The foregoing description is only of the preferred embodiments of the present invention and is not intended to limit the scope of the invention, and all equivalent structural changes made by the description of the present invention and the accompanying drawings or direct/indirect application in other related technical fields are included in the scope of the invention.
Claims (10)
1. The world integrated global environment-friendly monitoring system based on the cube star constellation comprises a monitoring satellite star seat subsystem, a marine monitoring buoy subsystem and a ground data processing subsystem, wherein the monitoring satellite constellation subsystem consists of 3 6u cube stars; the ocean monitoring buoy subsystem is arranged in the nearby sea area of all the global coastal nuclear power stations, can detect radioactive substances leaked into the sea water in real time, and sends detected data to the satellite seat subsystem, so that a real-time monitoring network facing the global nuclear power stations is formed; the ground data processing subsystem is mainly used for controlling satellite operation and receiving satellite data, and can acquire the monitoring data of the monitoring satellite seat subsystem on the atmosphere and the ocean and the monitoring data of the ocean monitoring buoy subsystem on the ocean, judge and position and early warn the environmental accident of nuclear leakage of the nuclear power station.
2. The space-earth integrated global environment-friendly monitoring system based on the constellation of the cubic satellites, which is disclosed in claim 1, is characterized in that the monitoring satellite seat subsystem consists of 3 non-coplanar cubic satellites, the cubic satellites adopt a rectangular body with the size of 6u and the configuration of an unfolding solar wing, and have the three-axis stable attitude control capability, the monitoring satellite constellation subsystem comprises a comprehensive information management module, an attitude control module, a power module and a data processing module, and the comprehensive information management module is responsible for the management and control of the on-orbit flight tasks of the cubic satellites and consists of a plurality of plug-in board type computer processing boards; the attitude control module is responsible for attitude control of the cube star and comprises 1 sun sensor, 2 star sensors, 3 reaction flywheels and 1 mechanical gyro; the power module is responsible for power management and power distribution of the cube star and comprises an expansion solar panel, a power management singlechip and a storage battery, wherein the storage battery adopts a multifunctional lithium battery structure form integrally designed with the side cabin plate, so that the space in the star is effectively increased; the data processing and transmitting module is in charge of preprocessing ground image information acquired by the camera load and receiving real-time monitoring data sent by the sea surface buoy.

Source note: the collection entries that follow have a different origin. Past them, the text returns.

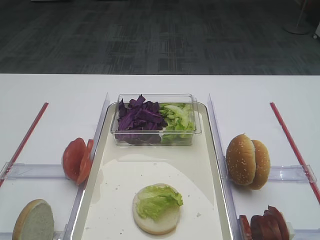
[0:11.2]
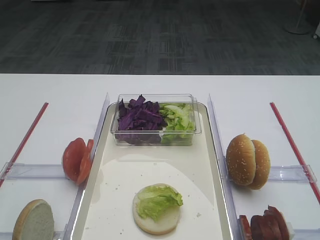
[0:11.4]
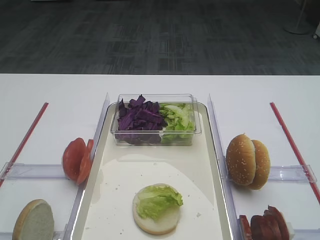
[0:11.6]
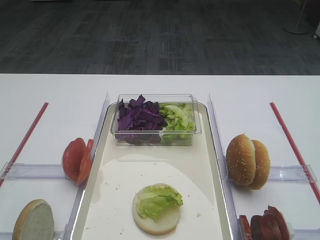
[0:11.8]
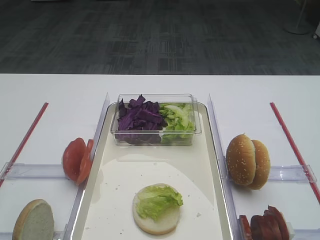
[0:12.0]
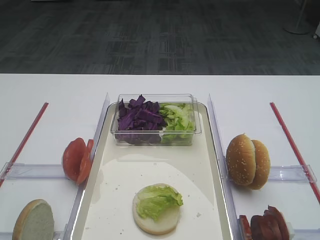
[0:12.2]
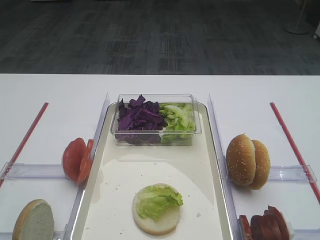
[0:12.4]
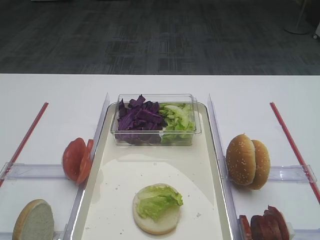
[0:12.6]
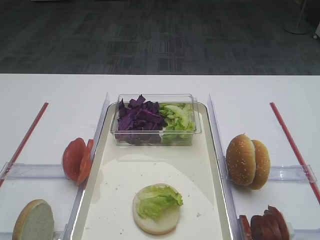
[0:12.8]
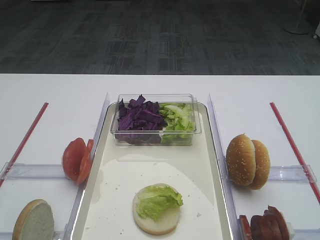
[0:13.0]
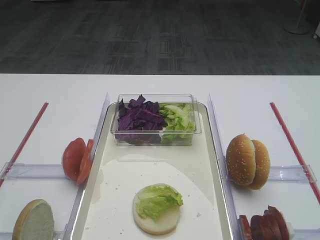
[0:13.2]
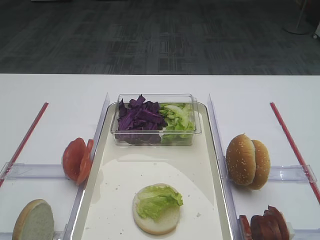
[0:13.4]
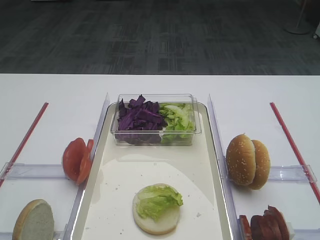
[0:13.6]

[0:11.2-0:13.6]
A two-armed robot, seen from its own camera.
0:11.2 to 0:13.6: Both grippers stay put.

3. The system for monitoring global environment protection integrated world based on the constellation of the cubic satellites according to claim 2, wherein the effective load of the cubic satellites of the satellite base subsystem is monitored and comprises a visible light infrared integrated multispectral camera and an internet of things load, the multispectral camera can detect the spectral information of a target, acquire continuous and narrow-band image data with high spectral resolution, and can monitor the growth conditions of marine organisms such as marine algae, the change of seawater color and the CO in the atmosphere 2 Absorption of a particular spectrum; the internet of things load terminal is an ultra-long distance wireless transmission scheme based on a spread spectrum technology, and is divided into an on-board part and a sea surface buoy part, wherein the on-board part of the internet of things load terminal collects radioactive substance detection data and buoy coordinates sent by the buoy on the sea surface.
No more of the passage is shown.